### About this task
When a line of the material has the word "pitch" in it, copy that line.
:: Exercise data
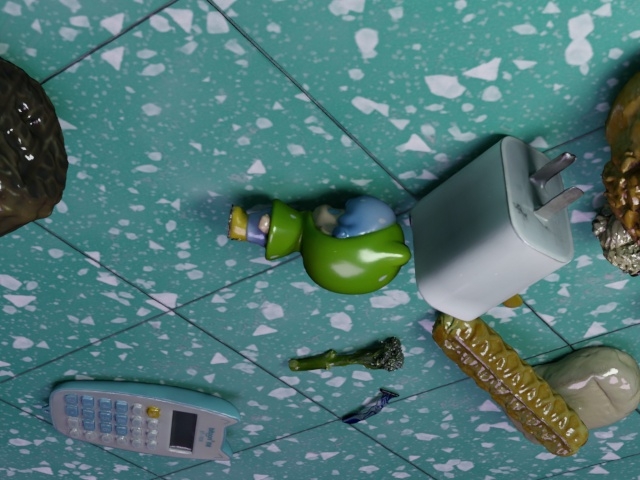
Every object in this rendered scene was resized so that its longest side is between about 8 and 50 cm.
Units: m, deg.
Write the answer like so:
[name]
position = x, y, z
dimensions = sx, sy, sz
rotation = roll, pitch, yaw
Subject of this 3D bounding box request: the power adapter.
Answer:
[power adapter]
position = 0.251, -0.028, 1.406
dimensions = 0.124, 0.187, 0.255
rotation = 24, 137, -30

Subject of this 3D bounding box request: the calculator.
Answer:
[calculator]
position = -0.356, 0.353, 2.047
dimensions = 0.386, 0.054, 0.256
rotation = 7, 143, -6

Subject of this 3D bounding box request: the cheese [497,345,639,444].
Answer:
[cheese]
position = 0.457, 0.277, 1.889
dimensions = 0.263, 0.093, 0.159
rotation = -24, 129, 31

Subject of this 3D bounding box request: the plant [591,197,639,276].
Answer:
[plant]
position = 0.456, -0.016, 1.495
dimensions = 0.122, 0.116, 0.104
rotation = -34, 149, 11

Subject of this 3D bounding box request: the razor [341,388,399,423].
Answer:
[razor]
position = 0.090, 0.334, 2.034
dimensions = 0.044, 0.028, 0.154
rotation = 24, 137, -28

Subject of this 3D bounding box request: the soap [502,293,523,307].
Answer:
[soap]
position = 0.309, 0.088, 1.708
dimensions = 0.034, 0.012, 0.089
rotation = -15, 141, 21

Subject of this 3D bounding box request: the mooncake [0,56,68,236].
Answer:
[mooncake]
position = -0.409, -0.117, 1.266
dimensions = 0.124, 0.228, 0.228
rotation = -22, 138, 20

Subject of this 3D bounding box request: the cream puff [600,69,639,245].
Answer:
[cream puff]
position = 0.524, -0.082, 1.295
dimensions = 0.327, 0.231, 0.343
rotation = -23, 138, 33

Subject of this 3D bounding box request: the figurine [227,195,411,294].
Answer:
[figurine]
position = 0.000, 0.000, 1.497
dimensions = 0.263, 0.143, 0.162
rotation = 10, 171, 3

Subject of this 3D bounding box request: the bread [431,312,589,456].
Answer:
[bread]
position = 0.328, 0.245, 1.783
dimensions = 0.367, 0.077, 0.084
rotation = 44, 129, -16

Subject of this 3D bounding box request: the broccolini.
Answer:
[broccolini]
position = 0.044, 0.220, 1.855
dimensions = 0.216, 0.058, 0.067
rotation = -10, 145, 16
::::
:: Exercise data
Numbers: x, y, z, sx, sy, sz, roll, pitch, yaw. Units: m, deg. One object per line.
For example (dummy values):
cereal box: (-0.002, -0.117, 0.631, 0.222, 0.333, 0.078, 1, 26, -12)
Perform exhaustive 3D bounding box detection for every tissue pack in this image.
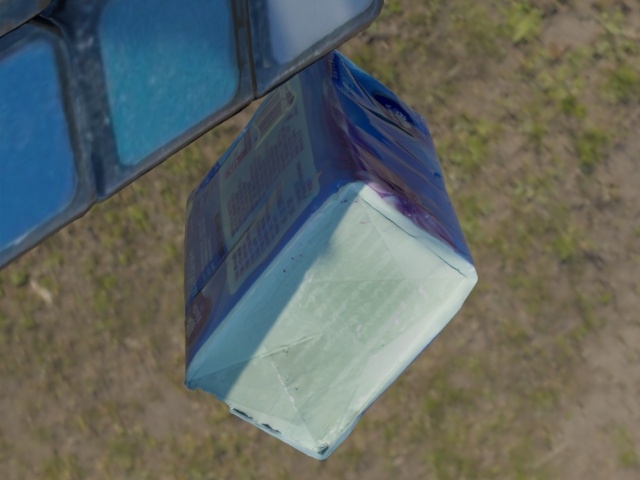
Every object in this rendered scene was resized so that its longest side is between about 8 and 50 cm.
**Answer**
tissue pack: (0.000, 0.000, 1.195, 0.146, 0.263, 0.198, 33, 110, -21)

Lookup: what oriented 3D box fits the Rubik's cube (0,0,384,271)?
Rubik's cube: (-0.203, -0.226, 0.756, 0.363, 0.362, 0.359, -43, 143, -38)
::::
### Exercise response
rotation = roll, pitch, yaw
Numbers: x, y, z, sx, sy, sz, roll, pitch, yaw. Units: m, deg. One object per line.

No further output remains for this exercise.